L’opinion à l’égard des acteurs les plus connus (EDF, AREVA…) est très ambivalente. S’ils sont reconnus pour leur compétence et leur savoir-faire, prédomine toutefois le sentiment que l’objectif de ces acteurs est uniquement financier. Les politiques à l’inverse sont jugés ni compétents ni acteurs de confiance, ce qui pose un réel problème de légitimité de l’action publique en matière de nucléaire.
« Je pense qu’il est raisonnable de douter d’une source qui aurait un intérêt financier, politique ou idéologique à orienter ses rapports dans une certaine direction »
Peu connus spontanément, les acteurs scientifiques, associatifs mais aussi les institutions perçues comme neutres (ni politiques, ni privées) bénéficient d’un crédit important auprès des membres de la communauté ayant participé à ces discussions.
Lancée auprès des membres de la communauté POP by BVA en mai 2018 et animée pendant plus de 3 semaines, cette séquence portant sur les préoccupations des Français et leur sentiment concernant le nucléaire a fait l’objet de recueil de verbatims particulièrement riches. Trois grands enseignements sont à retenir :
- Si le nucléaire ne ressort pas spontanément dans les discussions comme sujet majeur de préoccupation, la thématique de l’environnement et l’impact sur la santé publique a été particulièrement évoqué. Les membres de la communauté y ont apporté des points de vue que l’on a pu retrouver lorsque le dossier du nucléaire a été abordé, portant notamment sur la méfiance à l’égard des décideurs privés et publics en la matière.
- Les contributeurs reprochent aux acteurs concernés par le nucléaire de ne pas garantir un débat serein et nuancé sur le sujet. Une grande partie des membres de la communauté mêlaient arguments pour et contre tout en arrivant à une conclusion relativement partagée (sortie nécessaire du nucléaire, à moyen ou long terme).
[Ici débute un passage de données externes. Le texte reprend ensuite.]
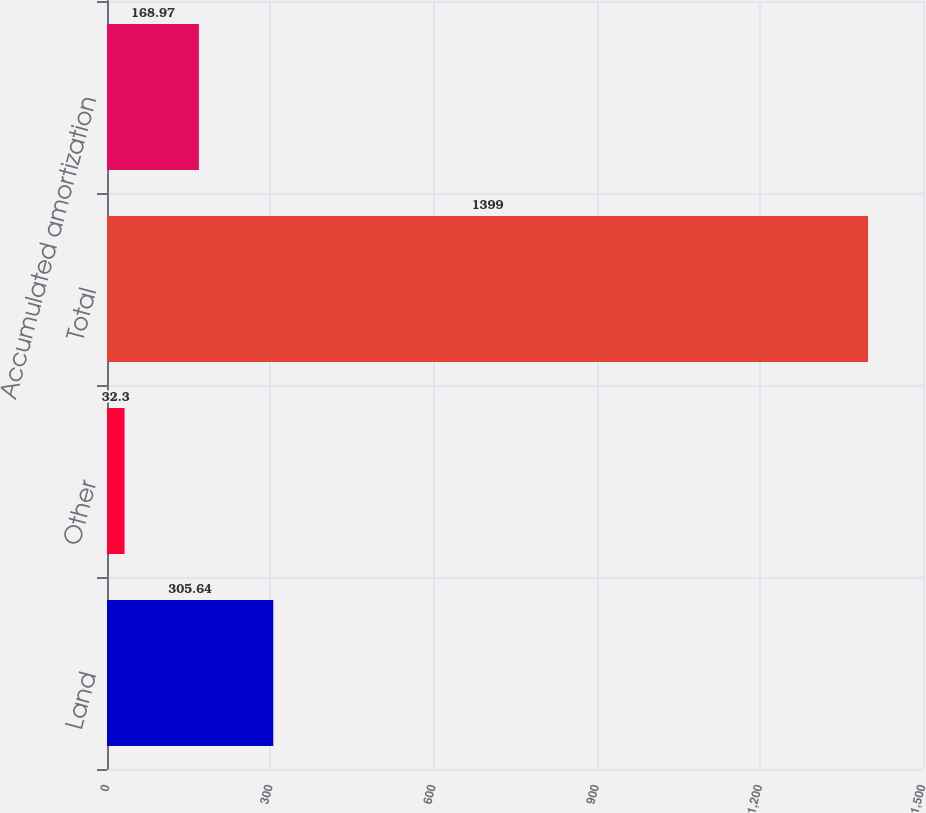<chart> <loc_0><loc_0><loc_500><loc_500><bar_chart><fcel>Land<fcel>Other<fcel>Total<fcel>Accumulated amortization<nl><fcel>305.64<fcel>32.3<fcel>1399<fcel>168.97<nl></chart>

Finalement les participants à ces discussions semblaient reprocher aux décideurs de ce dossier de ne pas arriver à faire ce que eux pouvaient réaliser : débattre sereinement du sujet, et arriver ainsi à une conclusion acceptée par une grande partie d’entre eux.
- Un doute persistant à l’égard des acteurs politiques et privés, les membres de la communauté, à l’instar de ce que l’on observe dans les résultats de ce baromètre, n’arrivent pas à accorder leur confiance aux décideurs sur ce dossier.